I'm seeing plenty of unnecessary DOWN/UP in the logs too.

I did the
tcpdump -ni fxp0 -w /tmp/wan.pcap host 1.2.3.4

and checked the pcap file at the point where a down occurred.

I looked at a single instance but it may give some clues. The down occurred where a second ping was sent out from pfsense 0.5s after the first, but before the reply from the first had returned.

So the packet sequence goes

request0, reply0 (UP)
request1, request2, reply1, reply2 (logs show Down 5s after request1)
request3, reply3 (back UP again)

So looks like the problem may be the timing of sending out the second ping. It's happening too soon. Maybe the system expects a reply within 500ms? The remote server I'm pinging against normally replies sub 50ms but obviously not in this instance.

The pinged IP in this instance is present just once in the list of monitor IPs in the slbd config.

Hope this makes sense.

Nick.

familyguy

@NickC:

I'm seeing plenty of unnecessary DOWN/UP in the logs too.

I did the
tcpdump -ni fxp0 -w /tmp/wan.pcap host 1.2.3.4

and checked the pcap file at the point where a down occurred.

I looked at a single instance but it may give some clues. The down occurred where a second ping was sent out from pfsense 0.5s after the first, but before the reply from the first had returned.

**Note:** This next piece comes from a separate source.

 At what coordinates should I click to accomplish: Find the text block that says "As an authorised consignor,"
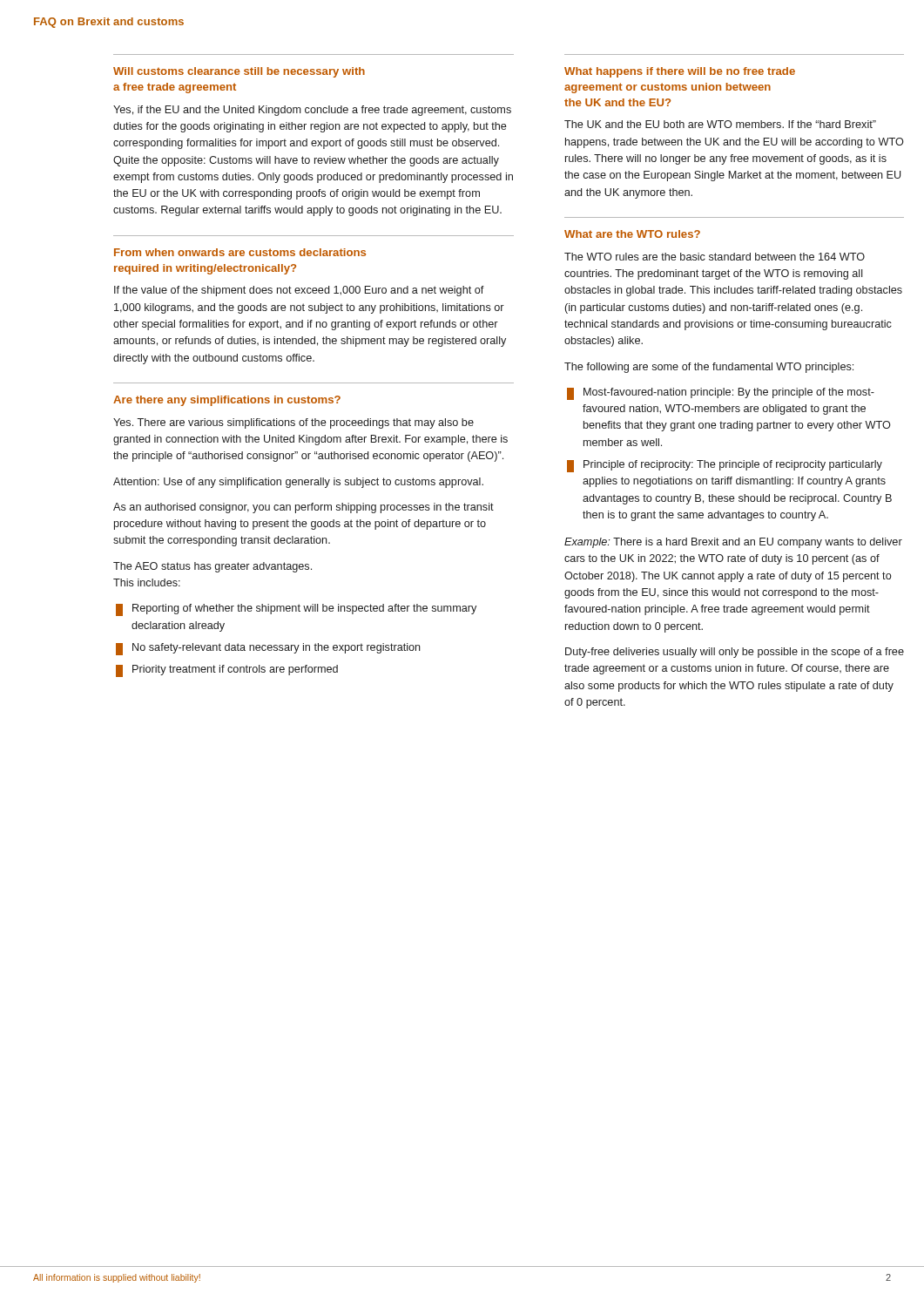click(314, 524)

So the packet sequence goes

request0, reply0 (UP)
request1, request2, reply1, reply2 (logs show Down 5s after request1)
request3, reply3 (back UP again)

So looks like the problem may be the timing of sending out the second ping. It's happening too soon. Maybe the system expects a reply within 500ms? The remote server I'm pinging against normally replies sub 50ms but obviously not in this instance.

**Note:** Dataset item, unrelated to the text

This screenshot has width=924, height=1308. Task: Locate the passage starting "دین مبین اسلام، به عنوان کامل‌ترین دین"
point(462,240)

The pinged IP in this instance is present just once in the list of monitor IPs in the slbd config.

Hope this makes sense.

I think you're on to something here. Would it be possible to tune this ping timing to make it less twitchy?

To answer cmb, neither pfsense nor the switch are seeing any dropped packets. So that seems to rule out the interfaces renegotiating the link speed theory.

Edit: I've been looking through the code and it appears that /usr/local/bin/ping_hosts.sh contains all the voodoo for bouncing the links up and down. I'm not much of a shell scripter so I'm at a loss on how to tune this to make it less sensitive to these out of order ping responses (if that is indeed the source of the problem). Suggestions anyone?

Cheers,

familyguy

Bump. This is still a problem for me. I'm running MRTG on the WAN interface of both routers and they are NOT losing their connectivity.

Again, can someone point me in the right direction to somehow blunt this hair trigger for marking interfaces down in pfsense?

Thanks!

databeestje

we use the slbd process which then launches a fping command to ping the monitor ip.

fping ignores the duplicate reply to the 1st request. It will thus retry, if the 2nd succeeds it returns return code 0.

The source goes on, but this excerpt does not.